▶ [Problem statement]:
Wherever a line in the material contains the word "draft", copy that line.
BEGIN
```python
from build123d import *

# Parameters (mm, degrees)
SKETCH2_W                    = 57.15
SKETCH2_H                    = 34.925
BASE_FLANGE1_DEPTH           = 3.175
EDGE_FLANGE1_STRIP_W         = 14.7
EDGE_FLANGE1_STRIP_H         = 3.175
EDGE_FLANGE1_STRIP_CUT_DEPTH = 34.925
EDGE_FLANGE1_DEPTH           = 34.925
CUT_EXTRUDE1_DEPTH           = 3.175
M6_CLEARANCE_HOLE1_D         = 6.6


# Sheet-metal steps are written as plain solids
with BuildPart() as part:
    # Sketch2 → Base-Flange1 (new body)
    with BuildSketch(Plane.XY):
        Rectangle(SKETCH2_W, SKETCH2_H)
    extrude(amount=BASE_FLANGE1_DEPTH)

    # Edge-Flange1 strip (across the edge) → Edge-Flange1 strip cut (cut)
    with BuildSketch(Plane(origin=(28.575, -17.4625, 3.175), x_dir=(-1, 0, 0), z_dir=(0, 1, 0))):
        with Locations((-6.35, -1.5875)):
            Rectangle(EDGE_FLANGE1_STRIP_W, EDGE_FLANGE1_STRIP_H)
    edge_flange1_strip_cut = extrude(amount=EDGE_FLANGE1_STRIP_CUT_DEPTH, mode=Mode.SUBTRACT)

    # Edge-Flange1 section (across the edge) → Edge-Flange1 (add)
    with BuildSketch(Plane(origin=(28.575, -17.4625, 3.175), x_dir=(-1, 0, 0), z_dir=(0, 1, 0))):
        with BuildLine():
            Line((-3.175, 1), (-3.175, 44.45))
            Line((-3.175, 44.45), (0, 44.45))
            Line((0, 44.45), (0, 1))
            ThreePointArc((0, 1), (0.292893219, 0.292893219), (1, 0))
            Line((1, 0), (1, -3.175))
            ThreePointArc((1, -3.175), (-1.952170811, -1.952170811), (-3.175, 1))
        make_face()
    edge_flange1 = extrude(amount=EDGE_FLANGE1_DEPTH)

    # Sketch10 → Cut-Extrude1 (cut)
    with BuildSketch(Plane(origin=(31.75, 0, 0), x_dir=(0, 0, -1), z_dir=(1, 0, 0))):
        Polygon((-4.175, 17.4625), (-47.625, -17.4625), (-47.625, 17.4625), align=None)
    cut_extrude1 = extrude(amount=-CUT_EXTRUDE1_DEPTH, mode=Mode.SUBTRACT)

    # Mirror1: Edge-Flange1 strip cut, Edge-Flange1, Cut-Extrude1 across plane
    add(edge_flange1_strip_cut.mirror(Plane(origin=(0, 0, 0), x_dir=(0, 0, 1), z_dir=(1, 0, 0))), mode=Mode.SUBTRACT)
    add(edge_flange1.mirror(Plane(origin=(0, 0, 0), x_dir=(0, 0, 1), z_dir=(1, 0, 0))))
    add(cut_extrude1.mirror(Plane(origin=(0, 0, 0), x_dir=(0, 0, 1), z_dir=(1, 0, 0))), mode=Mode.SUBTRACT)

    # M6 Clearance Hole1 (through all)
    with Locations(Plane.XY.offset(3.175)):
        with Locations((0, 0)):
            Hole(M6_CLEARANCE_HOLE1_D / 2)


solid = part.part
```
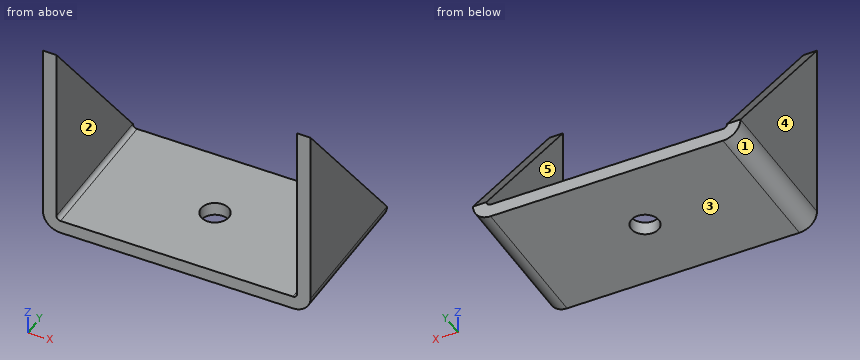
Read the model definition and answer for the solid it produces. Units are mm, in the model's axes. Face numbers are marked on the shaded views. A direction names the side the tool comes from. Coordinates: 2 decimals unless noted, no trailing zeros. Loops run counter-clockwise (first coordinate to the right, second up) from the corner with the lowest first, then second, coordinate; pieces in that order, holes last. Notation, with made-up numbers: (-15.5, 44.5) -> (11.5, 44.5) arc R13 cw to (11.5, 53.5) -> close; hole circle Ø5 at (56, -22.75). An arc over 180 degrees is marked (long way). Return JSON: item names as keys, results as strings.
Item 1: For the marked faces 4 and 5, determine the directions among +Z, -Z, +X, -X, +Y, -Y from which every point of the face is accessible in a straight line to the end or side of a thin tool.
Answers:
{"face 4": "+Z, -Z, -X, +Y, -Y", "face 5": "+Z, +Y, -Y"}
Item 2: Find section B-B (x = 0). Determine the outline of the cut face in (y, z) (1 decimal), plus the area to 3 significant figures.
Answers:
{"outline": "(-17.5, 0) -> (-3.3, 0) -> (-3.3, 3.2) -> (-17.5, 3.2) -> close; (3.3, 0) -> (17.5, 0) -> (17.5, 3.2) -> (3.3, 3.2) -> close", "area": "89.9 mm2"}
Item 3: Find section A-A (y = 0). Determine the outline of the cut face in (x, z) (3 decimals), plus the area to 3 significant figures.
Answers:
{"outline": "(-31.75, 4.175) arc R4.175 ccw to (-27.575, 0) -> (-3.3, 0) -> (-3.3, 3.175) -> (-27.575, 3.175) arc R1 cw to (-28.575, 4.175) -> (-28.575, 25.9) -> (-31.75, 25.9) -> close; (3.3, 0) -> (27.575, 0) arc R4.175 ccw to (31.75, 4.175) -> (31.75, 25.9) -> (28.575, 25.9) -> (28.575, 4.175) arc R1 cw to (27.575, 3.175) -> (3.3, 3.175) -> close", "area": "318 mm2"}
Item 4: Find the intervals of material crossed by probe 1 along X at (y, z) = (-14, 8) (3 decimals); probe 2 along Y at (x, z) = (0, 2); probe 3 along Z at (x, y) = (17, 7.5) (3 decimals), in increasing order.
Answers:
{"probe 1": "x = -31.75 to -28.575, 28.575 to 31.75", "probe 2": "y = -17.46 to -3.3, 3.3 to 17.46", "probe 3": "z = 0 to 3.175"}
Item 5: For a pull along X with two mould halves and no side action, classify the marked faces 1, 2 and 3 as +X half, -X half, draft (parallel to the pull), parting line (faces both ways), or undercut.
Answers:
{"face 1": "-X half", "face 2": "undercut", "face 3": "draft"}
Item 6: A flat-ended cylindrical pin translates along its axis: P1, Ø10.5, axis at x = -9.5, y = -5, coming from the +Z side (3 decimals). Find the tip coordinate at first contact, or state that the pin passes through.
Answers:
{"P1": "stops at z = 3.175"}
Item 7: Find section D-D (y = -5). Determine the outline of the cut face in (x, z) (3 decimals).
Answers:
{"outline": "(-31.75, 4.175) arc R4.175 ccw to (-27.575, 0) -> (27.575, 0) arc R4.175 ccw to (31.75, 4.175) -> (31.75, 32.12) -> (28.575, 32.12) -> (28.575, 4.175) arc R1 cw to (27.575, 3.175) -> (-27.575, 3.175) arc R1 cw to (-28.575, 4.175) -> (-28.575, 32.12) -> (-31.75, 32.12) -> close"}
END
▶ [Reply to the exercise]:
Item 5: For a pull along X with two mould halves and no side action, classify the marked faces 1, 2 and 3 as +X half, -X half, draft (parallel to the pull), parting line (faces both ways), or undercut.
{"face 1": "-X half", "face 2": "undercut", "face 3": "draft"}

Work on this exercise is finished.